For this exercise, restate the records word for word.

== The records ==

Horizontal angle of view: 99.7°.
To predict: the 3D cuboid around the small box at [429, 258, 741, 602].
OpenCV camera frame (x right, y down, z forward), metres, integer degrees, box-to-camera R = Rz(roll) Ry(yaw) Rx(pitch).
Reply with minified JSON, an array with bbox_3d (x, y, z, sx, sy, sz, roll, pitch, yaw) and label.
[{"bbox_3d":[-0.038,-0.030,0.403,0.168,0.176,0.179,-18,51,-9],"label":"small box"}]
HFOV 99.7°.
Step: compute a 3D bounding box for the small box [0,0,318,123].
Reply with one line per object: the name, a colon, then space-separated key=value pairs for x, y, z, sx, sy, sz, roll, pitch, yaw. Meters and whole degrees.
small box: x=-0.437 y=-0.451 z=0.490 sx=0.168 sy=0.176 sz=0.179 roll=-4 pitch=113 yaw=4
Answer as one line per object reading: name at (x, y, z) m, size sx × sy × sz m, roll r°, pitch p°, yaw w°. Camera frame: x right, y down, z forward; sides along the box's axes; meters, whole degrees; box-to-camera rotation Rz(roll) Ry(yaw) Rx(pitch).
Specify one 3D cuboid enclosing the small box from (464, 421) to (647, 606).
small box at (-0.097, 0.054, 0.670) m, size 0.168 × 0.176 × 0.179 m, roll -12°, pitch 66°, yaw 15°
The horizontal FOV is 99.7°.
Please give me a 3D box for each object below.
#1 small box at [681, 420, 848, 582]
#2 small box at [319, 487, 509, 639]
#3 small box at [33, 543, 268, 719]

===

> **Solution for this task**:
Horizontal angle of view: 99.7°.
To predict: the 3D cuboid around the small box at [429, 258, 741, 602].
OpenCV camera frame (x right, y down, z forward), metres, integer degrees, box-to-camera R = Rz(roll) Ry(yaw) Rx(pitch).
Reply with minified JSON, an array with bbox_3d (x, y, z, sx, sy, sz, roll, pitch, yaw) and label.
[{"bbox_3d":[-0.038,-0.030,0.403,0.168,0.176,0.179,-18,51,-9],"label":"small box"}]
HFOV 99.7°.
Step: compute a 3D bounding box for the small box [0,0,318,123].
Reply with one line per object: the name, a colon, then space-separated key=value pairs for x, y, z, sx, sy, sz, roll, pitch, yaw. Meters and whole degrees.
small box: x=-0.437 y=-0.451 z=0.490 sx=0.168 sy=0.176 sz=0.179 roll=-4 pitch=113 yaw=4
Answer as one line per object reading: name at (x, y, z) m, size sx × sy × sz m, roll r°, pitch p°, yaw w°. Camera frame: x right, y down, z forward; sides along the box's axes; meters, whole degrees; box-to-camera rotation Rz(roll) Ry(yaw) Rx(pitch).
Specify one 3D cuboid enclosing the small box from (464, 421) to (647, 606).
small box at (-0.097, 0.054, 0.670) m, size 0.168 × 0.176 × 0.179 m, roll -12°, pitch 66°, yaw 15°
The horizontal FOV is 99.7°.
Please give me a 3D box for each object below.
#1 small box at [681, 420, 848, 582]
#2 small box at [319, 487, 509, 639]
#3 small box at [33, 543, 268, 719]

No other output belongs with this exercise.